Père Ubu – Payez ! ou ji vous mets dans ma poche avec supplice et décollation du cou et de la tête ! Cornegidouille, je suis le roi peut-être !
- La colère d’Ubu face au refus des paysans est palpable aux solécismes (= mésusage grammatical) qu’il profère.
- Ji - mauvais emploi de « je vous », forme phonétique de « j’y vous ». Or l’adverbe est ici inutile.
- « mets dans ma poche » : mauvaise usage de l’expression. Ici, la syllepse (associer en pensée sens propre et figuré) de poche fait référence à l’argent.
- « et décollation du cou et de la tête » : pléonasme. A priori la décollation du cou et de la tête sont synonymes, et tout aussi définitives.
- Le juron « cornegidouille » est de nouveau proféré, et Ubu fait également mention de son titre usurpé. L’adverbe « peut-être » est ici employé avec l’intonation du défi (ce que confirme le point d’exclamation).
Tous – Ah, c’est ainsi ! Aux armes ! Vive Bougrelas, par la grâce de Dieu roi de Pologne et de Lithuanie !
- Ces dernières provocations poussent à bout les paysans. Ubu est le seul responsable de la révolte paysanne. Si l’expression « aux armes » peut faire penser à une révolution, il n’en est rien : les paysans sont plutôt ici dominés par leur préjugé favorable envers la monarchie de droit divin : « par la grâce de Dieu roi de Pologne ».
Père Ubu – En avant, messieurs des Finances, faites votre devoir.
- Ceux qu’Ubu présente comme un « devoir » est l’obéissance aveugle des Grippe-sous à un tyran avide et borné, qu’il présente comme « messieurs des Finances », de manière antithétique.
(Une lutte s’engage, la maison est détruite et le vieux Stanislas s’enfuit seul à travers la plaine. Le Père Ubu reste à ramasser la finance.)

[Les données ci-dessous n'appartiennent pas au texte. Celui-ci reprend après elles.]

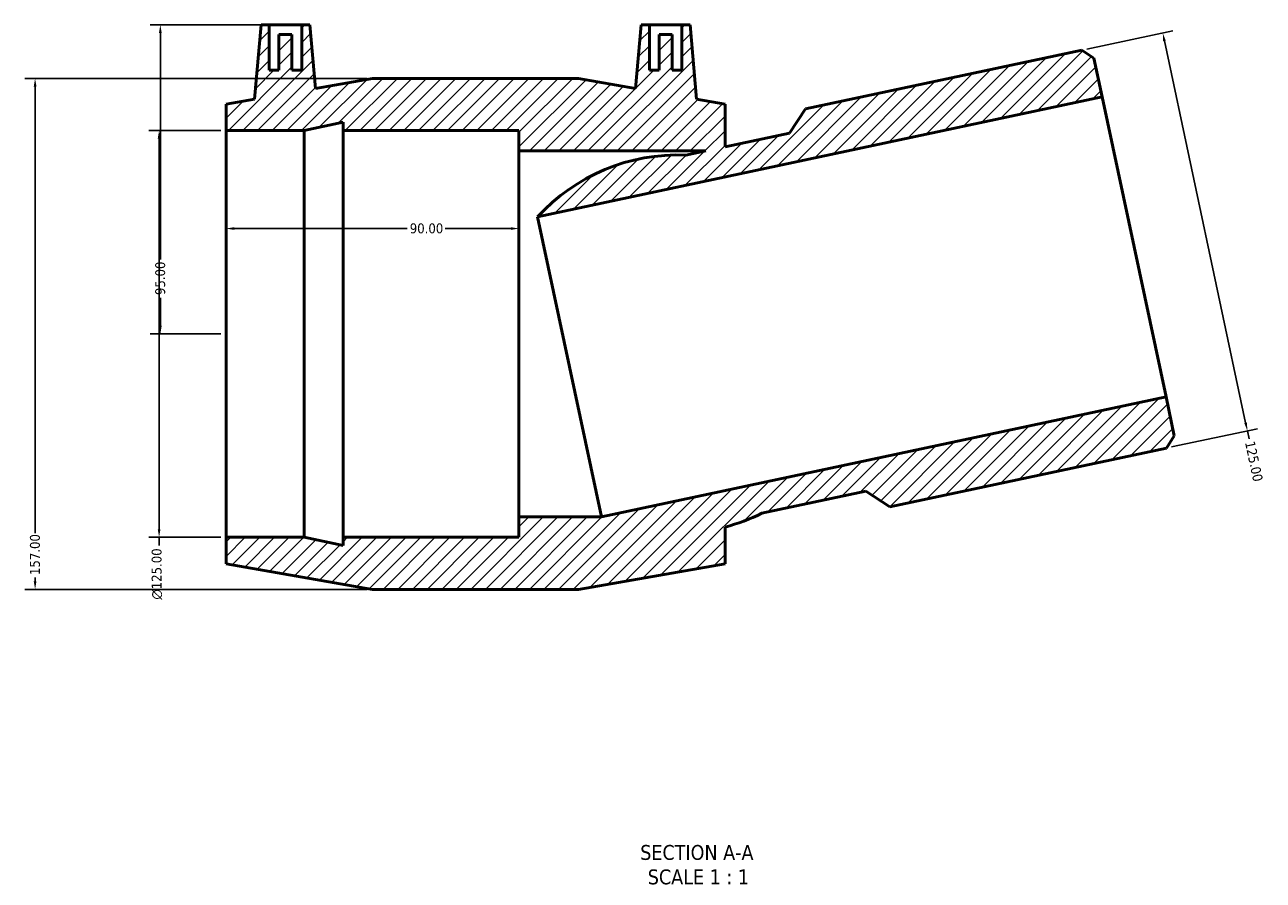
# Model space of a CAD drawing. Header units: millimetres. Extents: x -73 to 1423, y -612 to 1152.
# Tile 2 of 6: x 323 to 704, y -612 to -349. Entities that reach past the tile are written whole.
import ezdxf

# ---------------------------------------------------------------- set-up
doc = ezdxf.new("R2010")
doc.units = ezdxf.units.MM
for name, color, linetype, lineweight in [('Dimension (ANSI)', 7, 'Continuous', 25), ('Hatch (ANSI)', 7, 'Continuous', 18), ('Symbol (ANSI)', 7, 'Continuous', 25), ('Visible (ANSI)', 7, 'Continuous', 50)]:
    doc.layers.add(name, color=color, linetype=linetype, lineweight=lineweight)
doc.styles.add('Label Text (ANSI)', font='tahoma.ttf')
doc.styles.add('Note Text (ANSI)', font='tahoma.ttf')
doc.dimstyles.new('Default - mm (ANSI)', dxfattribs={"dimtxt": 3.048, "dimasz": 2.5, "dimexe": 3.175, "dimexo": 1.6002, "dimgap": 0.8, "dimtad": 0, "dimtoh": 1, "dimrnd": 1e-08, "dimzin": 4, "dimdsep": 46, "dimtxsty": 'Note Text (ANSI)', "dimcen": 0.09, "dimdle": 10, "dimclrd": 256, "dimclre": 256, "dimclrt": 230, "dimadec": 1, "dimazin": 1, "dimtfac": 1, "dimtofl": 0, "dimtmove": 0, "dimatfit": 3, "dimfxl": 1, "dimtolj": 1, "dimtzin": 4, "dimlwd": -1, "dimlwe": -1, "dimarcsym": 0})

# ---------------------------------------------------------------- blocks, each defined once
blk = doc.blocks.new('*D7')
at = {"layer": 'Defpoints', "color": 0, "transparency": 16777216}
for p in [(385.21, -381.9), (364.64, -506.9), (385.21, -506.9)]:
    blk.add_point(p, dxfattribs=at)
at = {"layer": 'Dimension (ANSI)', "transparency": 16777216}
for p, q in [((383.61, -381.9), (361.46, -381.9)), ((364.64, -384.4), (364.64, -504.4)), ((383.61, -506.9), (361.46, -506.9)), ((364.64, -506.9), (364.64, -509.4))]:
    blk.add_line(p, q, dxfattribs=at)
for points in [[(364.22, -384.4), (365.05, -384.4), (364.64, -381.9)], [(364.22, -504.4), (365.05, -504.4), (364.64, -506.9)]]:
    blk.add_solid(points, dxfattribs=at)
at = {"layer": 'Dimension (ANSI)', "color": 230, "true_color": 0xff0080, "transparency": 16777216, "insert": (362.34, -526.03), "char_height": 3.048, "attachment_point": 1, "rotation": 90, "style": 'Note Text (ANSI)'}
blk.add_mtext('\\A1;\\fAIGDT|b0|i0;\\H3.0480;\\ln\\fTahoma|b0|i0;\\H3.0480;125.00', dxfattribs=at)
blk = doc.blocks.new('*D8')
at = {"layer": 'Defpoints', "color": 0, "transparency": 16777216}
for p in [(430.21, -365.9), (326.54, -522.9), (430.21, -522.9)]:
    blk.add_point(p, dxfattribs=at)
at = {"layer": 'Dimension (ANSI)', "transparency": 16777216}
for p, q in [((428.61, -365.9), (323.37, -365.9)), ((326.54, -368.4), (326.54, -505.61)), ((326.54, -520.4), (326.54, -519.29)), ((428.61, -522.9), (323.37, -522.9))]:
    blk.add_line(p, q, dxfattribs=at)
for points in [[(326.12, -368.4), (326.96, -368.4), (326.54, -365.9)], [(326.12, -520.4), (326.96, -520.4), (326.54, -522.9)]]:
    blk.add_solid(points, dxfattribs=at)
at = {"layer": 'Dimension (ANSI)', "color": 230, "true_color": 0xff0080, "transparency": 16777216, "insert": (324.95, -518.49), "char_height": 3.048, "attachment_point": 1, "rotation": 90, "style": 'Note Text (ANSI)'}
blk.add_mtext('\\A1;157.00', dxfattribs=at)
blk = doc.blocks.new('*D9')
at = {"layer": 'Defpoints', "color": 0, "transparency": 16777216}
for p in [(475.21, -412.02), (385.21, -444.4), (475.21, -444.4)]:
    blk.add_point(p, dxfattribs=at)
at = {"layer": 'Dimension (ANSI)', "transparency": 16777216}
for p, q in [((387.71, -412.02), (440.85, -412.02)), ((472.71, -412.02), (452.57, -412.02))]:
    blk.add_line(p, q, dxfattribs=at)
for points in [[(387.71, -411.6), (387.71, -412.43), (385.21, -412.02)], [(472.71, -411.6), (472.71, -412.43), (475.21, -412.02)]]:
    blk.add_solid(points, dxfattribs=at)
at = {"layer": 'Dimension (ANSI)', "color": 230, "true_color": 0xff0080, "transparency": 16777216, "insert": (441.65, -410.43), "char_height": 3.048, "attachment_point": 1, "style": 'Note Text (ANSI)'}
blk.add_mtext('\\A1;90.00', dxfattribs=at)
blk = doc.blocks.new('*D10')
at = {"layer": 'Defpoints', "color": 0, "transparency": 16777216}
for p in [(648.15, -357.2), (698.99, -474.18), (674.14, -479.47)]:
    blk.add_point(p, dxfattribs=at)
at = {"layer": 'Dimension (ANSI)', "transparency": 16777216}
for p, q in [((649.71, -356.87), (676.11, -351.25)), ((673.52, -354.36), (698.47, -471.74)), ((675.7, -479.13), (702.1, -473.52)), ((698.99, -474.18), (699.51, -476.63))]:
    blk.add_line(p, q, dxfattribs=at)
for points in [[(673.93, -354.27), (673.12, -354.45), (673, -351.91)], [(698.88, -471.65), (698.07, -471.82), (698.99, -474.18)]]:
    blk.add_solid(points, dxfattribs=at)
at = {"layer": 'Dimension (ANSI)', "color": 230, "true_color": 0xff0080, "transparency": 16777216, "insert": (701.23, -477.08), "char_height": 3.048, "attachment_point": 1, "rotation": 282, "style": 'Note Text (ANSI)'}
blk.add_mtext('\\A1;125.00', dxfattribs=at)
blk = doc.blocks.new('*D11')
at = {"layer": 'Defpoints', "color": 0, "transparency": 16777216}
for p in [(398.46, -349.4), (365.02, -444.4), (385.21, -444.4)]:
    blk.add_point(p, dxfattribs=at)
at = {"layer": 'Dimension (ANSI)', "transparency": 16777216}
for p, q in [((396.86, -349.4), (361.85, -349.4)), ((365.02, -351.9), (365.02, -421.54)), ((365.02, -441.9), (365.02, -433.26)), ((383.61, -444.4), (361.85, -444.4))]:
    blk.add_line(p, q, dxfattribs=at)
for points in [[(364.6, -351.9), (365.44, -351.9), (365.02, -349.4)], [(364.6, -441.9), (365.44, -441.9), (365.02, -444.4)]]:
    blk.add_solid(points, dxfattribs=at)
at = {"layer": 'Dimension (ANSI)', "color": 230, "true_color": 0xff0080, "transparency": 16777216, "insert": (363.44, -432.46), "char_height": 3.048, "attachment_point": 1, "rotation": 90, "style": 'Note Text (ANSI)'}
blk.add_mtext('\\A1;95.00', dxfattribs=at)

msp = doc.modelspace()

# ---------------------------------------------------------------- hatches: boundary and pattern name
at = {"layer": 'Hatch (ANSI)'}
h = msp.add_hatch(dxfattribs=at)
h.set_pattern_fill('ANSI31', color=256, scale=25.4, style=0)
h.set_pattern_definition([(45, (0, 0), (-2.245064, 2.245064), [])])
edge = h.paths.add_edge_path()
edge.add_line((493.509, -365.899), (430.209, -365.899))
edge.add_line((430.209, -365.899), (412.67, -368.958))
edge.add_line((412.67, -368.958), (410.959, -349.399))
edge.add_line((410.959, -349.399), (408.459, -349.399))
edge.add_line((408.459, -349.399), (408.459, -363.399))
edge.add_line((408.459, -363.399), (405.459, -363.399))
edge.add_line((405.459, -363.399), (405.459, -352.399))
edge.add_line((405.459, -352.399), (401.459, -352.399))
edge.add_line((401.459, -352.399), (401.459, -363.399))
edge.add_line((401.459, -363.399), (398.459, -363.399))
edge.add_line((398.459, -363.399), (398.459, -349.399))
edge.add_line((398.459, -349.399), (395.959, -349.399))
edge.add_line((395.959, -349.399), (393.962, -372.222))
edge.add_line((393.962, -372.222), (385.209, -373.749))
edge.add_line((385.209, -373.749), (385.209, -381.899))
edge.add_line((385.209, -381.899), (409.209, -381.899))
edge.add_line((409.209, -381.899), (421.209, -379.348))
edge.add_line((421.209, -379.348), (421.209, -381.899))
edge.add_line((421.209, -381.899), (475.209, -381.899))
edge.add_line((475.209, -381.899), (475.209, -388.149))
edge.add_line((475.209, -388.149), (532.597, -388.149))
edge.add_line((532.597, -388.149), (526.449, -389.456))
edge.add_ellipse((523.956, -447.492), major_axis=(2.493, 58.036), ratio=1, start_angle=0, end_angle=50.24313)
edge.add_line((480.934, -408.46), (654.417, -371.585))
edge.add_line((654.417, -371.585), (651.873, -359.616))
edge.add_line((651.873, -359.616), (648.149, -357.198))
edge.add_line((648.149, -357.198), (563.187, -375.257))
edge.add_line((563.187, -375.257), (558.373, -382.67))
edge.add_line((558.373, -382.67), (538.509, -386.892))
edge.add_line((538.509, -386.892), (538.509, -373.749))
edge.add_line((538.509, -373.749), (529.756, -372.222))
edge.add_line((529.756, -372.222), (527.759, -349.399))
edge.add_line((527.759, -349.399), (525.259, -349.399))
edge.add_line((525.259, -349.399), (525.259, -363.399))
edge.add_line((525.259, -363.399), (522.259, -363.399))
edge.add_line((522.259, -363.399), (522.259, -352.399))
edge.add_line((522.259, -352.399), (518.259, -352.399))
edge.add_line((518.259, -352.399), (518.259, -363.399))
edge.add_line((518.259, -363.399), (515.259, -363.399))
edge.add_line((515.259, -363.399), (515.259, -349.399))
edge.add_line((515.259, -349.399), (512.759, -349.399))
edge.add_line((512.759, -349.399), (511.048, -368.958))
edge.add_line((511.048, -368.958), (493.509, -365.899))
edge = h.paths.add_edge_path()
edge.add_line((430.209, -522.899), (493.509, -522.899))
edge.add_line((493.509, -522.899), (538.509, -515.049))
edge.add_line((538.509, -515.049), (538.509, -503.73))
edge.add_ellipse((523.956, -447.492), major_axis=(14.553, -56.237), ratio=1, start_angle=0, end_angle=11.95067)
edge.add_line((549.839, -499.497), (581.763, -492.712))
edge.add_line((581.763, -492.712), (589.176, -497.526))
edge.add_line((589.176, -497.526), (674.138, -479.466))
edge.add_line((674.138, -479.466), (676.556, -475.742))
edge.add_line((676.556, -475.742), (674.012, -463.774))
edge.add_line((674.012, -463.774), (500.529, -500.649))
edge.add_line((500.529, -500.649), (475.209, -500.649))
edge.add_line((475.209, -500.649), (475.209, -506.899))
edge.add_line((475.209, -506.899), (421.209, -506.899))
edge.add_line((421.209, -506.899), (421.209, -509.449))
edge.add_line((421.209, -509.449), (409.209, -506.899))
edge.add_line((409.209, -506.899), (385.209, -506.899))
edge.add_line((385.209, -506.899), (385.209, -515.049))
edge.add_line((385.209, -515.049), (430.209, -522.899))

# ---------------------------------------------------------------- linework, layer by layer
at = {"layer": 'Visible (ANSI)'}
for p, q in [((395.959, -349.399), (393.962, -372.222)), ((398.459, -349.399), (395.959, -349.399)), ((398.459, -363.399), (398.459, -349.399)), ((398.459, -349.399), (408.459, -349.399)), ((410.959, -349.399), (408.459, -349.399)), ((408.459, -349.399), (408.459, -363.399)), ((412.67, -368.958), (410.959, -349.399)), ((512.759, -349.399), (511.048, -368.958)), ((515.259, -349.399), (512.759, -349.399)), ((515.259, -363.399), (515.259, -349.399)), ((515.259, -349.399), (525.259, -349.399)), ((527.759, -349.399), (525.259, -349.399)), ((525.259, -349.399), (525.259, -363.399)), ((529.756, -372.222), (527.759, -349.399)), ((405.459, -352.399), (401.459, -352.399)), ((401.459, -352.399), (401.459, -363.399)), ((405.459, -363.399), (405.459, -352.399)), ((522.259, -352.399), (518.259, -352.399)), ((518.259, -352.399), (518.259, -363.399)), ((522.259, -363.399), (522.259, -352.399)), ((648.149, -357.198), (563.187, -375.257)), ((651.873, -359.616), (648.149, -357.198)), ((654.417, -371.585), (651.873, -359.616)), ((401.459, -363.399), (398.459, -363.399)), ((408.459, -363.399), (405.459, -363.399)), ((518.259, -363.399), (515.259, -363.399)), ((525.259, -363.399), (522.259, -363.399)), ((430.209, -365.899), (412.67, -368.958)), ((493.509, -365.899), (430.209, -365.899)), ((511.048, -368.958), (493.509, -365.899)), ((393.962, -372.222), (385.209, -373.749)), ((480.934, -408.46), (654.417, -371.585)), ((538.509, -373.749), (529.756, -372.222)), ((654.417, -371.585), (674.012, -463.774)), ((385.209, -373.749), (385.209, -381.899)), ((538.509, -386.892), (538.509, -373.749)), ((563.187, -375.257), (558.373, -382.67)), ((409.209, -381.899), (421.209, -379.348)), ((421.209, -379.348), (421.209, -381.899)), ((385.209, -381.899), (409.209, -381.899)), ((385.209, -506.899), (385.209, -381.899)), ((409.209, -506.899), (409.209, -381.899)), ((421.209, -381.899), (475.209, -381.899)), ((421.209, -506.899), (421.209, -381.899)), ((475.209, -381.899), (475.209, -388.149)), ((558.373, -382.67), (538.509, -386.892)), ((475.209, -388.149), (532.597, -388.149)), ((475.209, -500.649), (475.209, -388.149)), ((532.597, -388.149), (526.449, -389.456)), ((480.934, -408.46), (500.529, -500.649)), ((674.012, -463.774), (500.529, -500.649)), ((676.556, -475.742), (674.012, -463.774)), ((674.138, -479.466), (676.556, -475.742)), ((589.176, -497.526), (674.138, -479.466)), ((549.839, -499.497), (581.763, -492.712)), ((581.763, -492.712), (589.176, -497.526)), ((500.529, -500.649), (475.209, -500.649)), ((475.209, -500.649), (475.209, -506.899)), ((538.509, -515.049), (538.509, -503.73)), ((409.209, -506.899), (385.209, -506.899)), ((385.209, -506.899), (385.209, -515.049)), ((421.209, -509.449), (409.209, -506.899)), ((475.209, -506.899), (421.209, -506.899)), ((421.209, -506.899), (421.209, -509.449)), ((385.209, -515.049), (430.209, -522.899)), ((493.509, -522.899), (538.509, -515.049)), ((430.209, -522.899), (493.509, -522.899))]:
    msp.add_line(p, q, dxfattribs=at)
for start, end in [(87.54064, 137.78378), (284.50869, 296.45936)]:
    msp.add_arc((523.956, -447.492), 58.09, start, end, dxfattribs=at)

# ---------------------------------------------------------------- texts
at = {"layer": 'Symbol (ANSI)', "char_height": 4.572, "attachment_point": 7, "style": 'Label Text (ANSI)'}
for s, insert in [('SECTION A-A', (512.458, -606.106)), ('SCALE 1 : 1', (514.777, -613.619))]:
    msp.add_mtext(s, dxfattribs=dict(at, insert=insert))

# ---------------------------------------------------------------- dimensions: what is measured, and where the dimension line sits
at = {"layer": 'Dimension (ANSI)'}
for base, p1, p2, angle, override, picture, middle in [((365.021, -444.399), (398.459, -349.399), (385.209, -444.399), 90, {"dimtoh": 0, "dimdec": 2, "dimtp": 0, "dimtm": 0, "dimtdec": 2, "dimatfit": 1}, '*D11', (365.021, -427.399)), ((698.994, -474.183), (648.149, -357.198), (674.138, -479.466), 102, {"dimtoh": 0, "dimdec": 2, "dimtp": 0, "dimtm": 0, "dimtdec": 2, "dimatfit": 2}, '*D10', (700.935, -483.319)), ((326.54, -522.899), (430.209, -365.899), (430.209, -522.899), 90, {"dimtoh": 0, "dimdec": 2, "dimtp": 0, "dimtm": 0, "dimtdec": 2, "dimatfit": 1}, '*D8', (326.54, -512.446)), ((475.209, -412.015), (385.209, -444.399), (475.209, -444.399), 180, {"dimtoh": 0, "dimdec": 2, "dimse1": 1, "dimse2": 1, "dimtp": 0, "dimtm": 0, "dimtdec": 2, "dimatfit": 1}, '*D9', (446.709, -412.015))]:
    dim = msp.add_linear_dim(base=base, p1=p1, p2=p2, angle=angle, dimstyle='Default - mm (ANSI)', override=override, dxfattribs=at)
    dim.commit()
    dim.dimension.update_dxf_attribs({"geometry": picture, "text_midpoint": middle, "dimtype": 160})
dim = msp.add_linear_dim(base=(364.635, -506.899), p1=(385.209, -381.899), p2=(385.209, -506.899), angle=90, text='\\fAIGDT|b0|i0;\\H3.0480;\\ln\\fTahoma|b0|i0;\\H3.0480;<>', dimstyle='Default - mm (ANSI)', override={"dimtoh": 0, "dimdec": 2, "dimtp": 0, "dimtm": 0, "dimtdec": 2, "dimatfit": 2}, dxfattribs=at)
dim.commit()
dim.dimension.update_dxf_attribs({"geometry": '*D7', "text_midpoint": (364.635, -518.116), "dimtype": 160})

doc.saveas('drawing.dxf')

- Cette dernière didascalie permet de se représenter Ubu, pourtant roi en titre, avide au point de ramasser des pièces de monnaie à terre. Il s’agit ici d’un comique de gestes soulignant l’avidité et l’avarice du personnage, par ailleurs inconscient qu’il vient de précipiter la fin de son règne.
Conclusion
Ce comportement digne de la farce recèle aussi une leçon plus profonde : Ubu s’apprête à perdre le pouvoir parce qu’il est allé trop loin. Il s’agit ici d’une démesure que l’on peut rapprocher de l’hybris (ou hubris) antique, que l’on retrouve par exemple dans Œdipe de Sophocle ou bien l’Iliade.